Electromagnetic induction is the reverse of the motor effect: instead of using a current to make motion, you use motion or a changing field to make a current. It is the basis of almost all electrical power generation.

Magnetic flux

Magnetic flux $\Phi$ measures how much magnetic field passes through a loop of area $A$ :

\Phi = B A \cos\theta

where $\theta$ is the angle between the field and the normal (perpendicular) to the loop. Flux is measured in webers (Wb). Flux changes if the field strength changes, the area changes, or the loop rotates relative to the field.

Faraday's law

Faraday found that an EMF (voltage) is induced whenever the flux through a circuit changes. The size of the induced EMF is:

\varepsilon = -N\frac{\Delta\Phi}{\Delta t}

where $N$ is the number of turns in the coil and $\dfrac{\Delta\Phi}{\Delta t}$ is the rate of change of flux. The faster the flux changes and the more turns the coil has, the larger the induced EMF. Note that a steady, unchanging flux induces nothing; only change matters.

Lenz's law

The negative sign in Faraday's law represents Lenz's law: the induced current flows in the direction that opposes the change in flux producing it. If the flux is increasing, the induced current creates a field to oppose the increase; if it is decreasing, the induced current tries to maintain it. Lenz's law is a statement of conservation of energy. If the induced current aided the change, you would get energy for free.

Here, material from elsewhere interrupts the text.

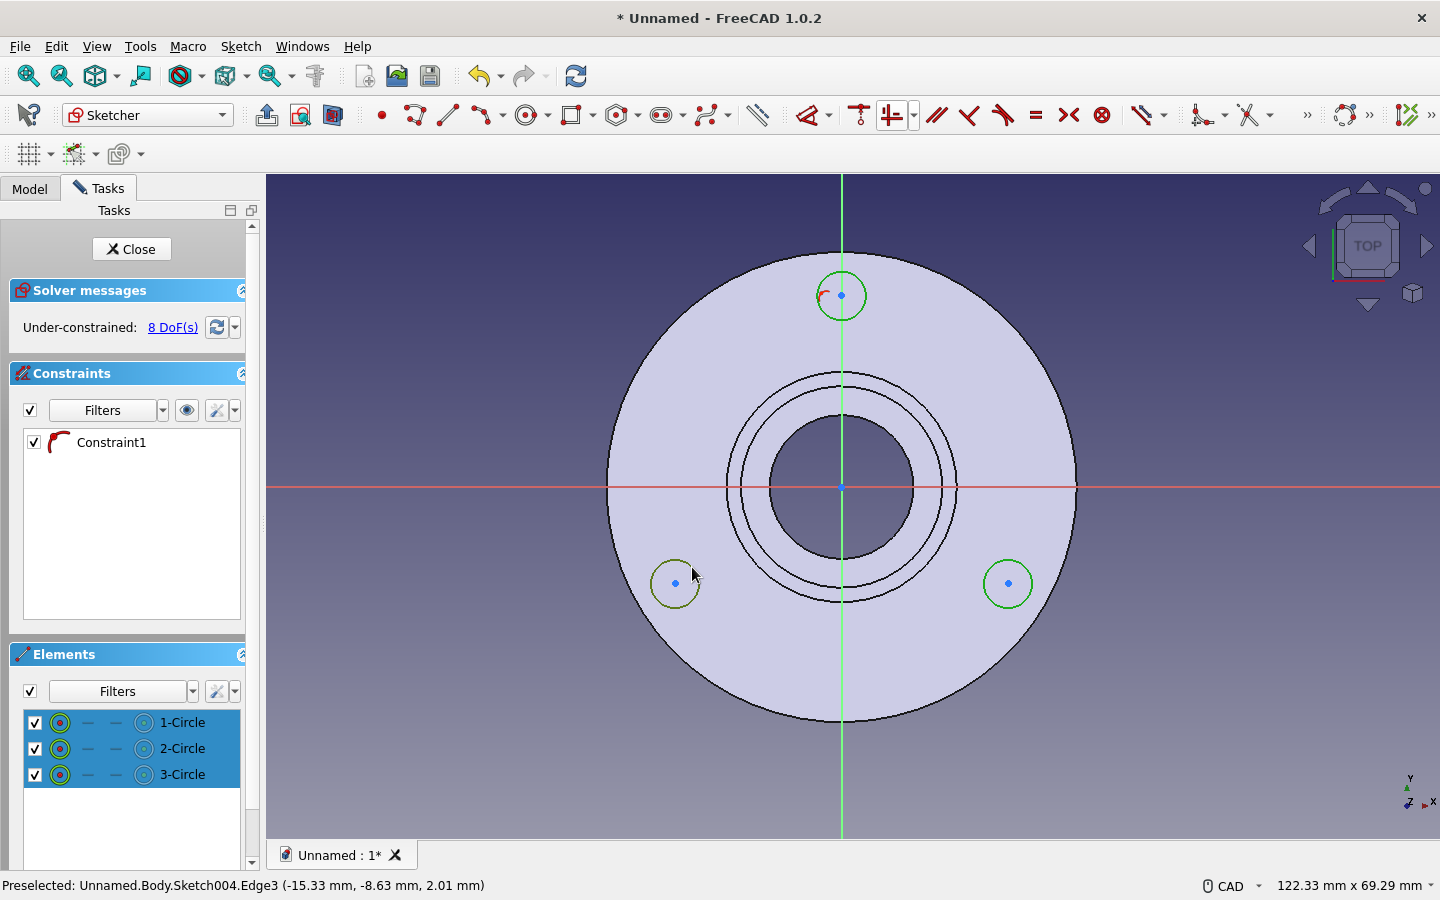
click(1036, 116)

Generators and transformers

A generator is essentially a motor run in reverse. A coil is rotated in a magnetic field, so the flux through it changes continuously, inducing an alternating EMF. With slip rings the output is alternating current (AC); with a split-ring commutator it can be made into pulsed DC.

A transformer changes the voltage of an AC supply. An alternating current in the primary coil produces a changing flux in an iron core, which induces an EMF in the secondary coil. For an ideal transformer:

\frac{V_s}{V_p} = \frac{N_s}{N_p}

A step-up transformer ( $N_s > N_p$ ) raises voltage; a step-down transformer lowers it. Energy is conserved, so for an ideal transformer $V_p I_p = V_s I_s$ . Transformers only work with AC because they need a continuously changing flux.

When tackling induction questions, identify what is causing the flux to change, apply Faraday's law for the size of the EMF, and use Lenz's law to argue the direction. For transformers, remember the turns ratio sets the voltage ratio and that real transformers lose some energy to heat in the core and windings.

Exam-style practice questions

Practice questions written in the style of TASC exam questions on this dot point, with worked answer explainers. The year tag is the paper they imitate, not the source.

2019 TASC2 marksAn Airbus 350 is flying north through the Earth's magnetic field, which has a flux density of 1.90 x 10^-5 T at an angle of declination of -70 degrees. The plane flies at 900 km/h with a wingspan of 64.75 m. Find the potential difference (motional EMF) generated across the wing.

Show worked answer →

A conductor moving through a magnetic field has a motional EMF of EMF = B_perp L v, where B_perp is the component of the field perpendicular to both the wing and the velocity.

Convert the speed: 900 km/h = 900 / 3.6 = 250 m s-1.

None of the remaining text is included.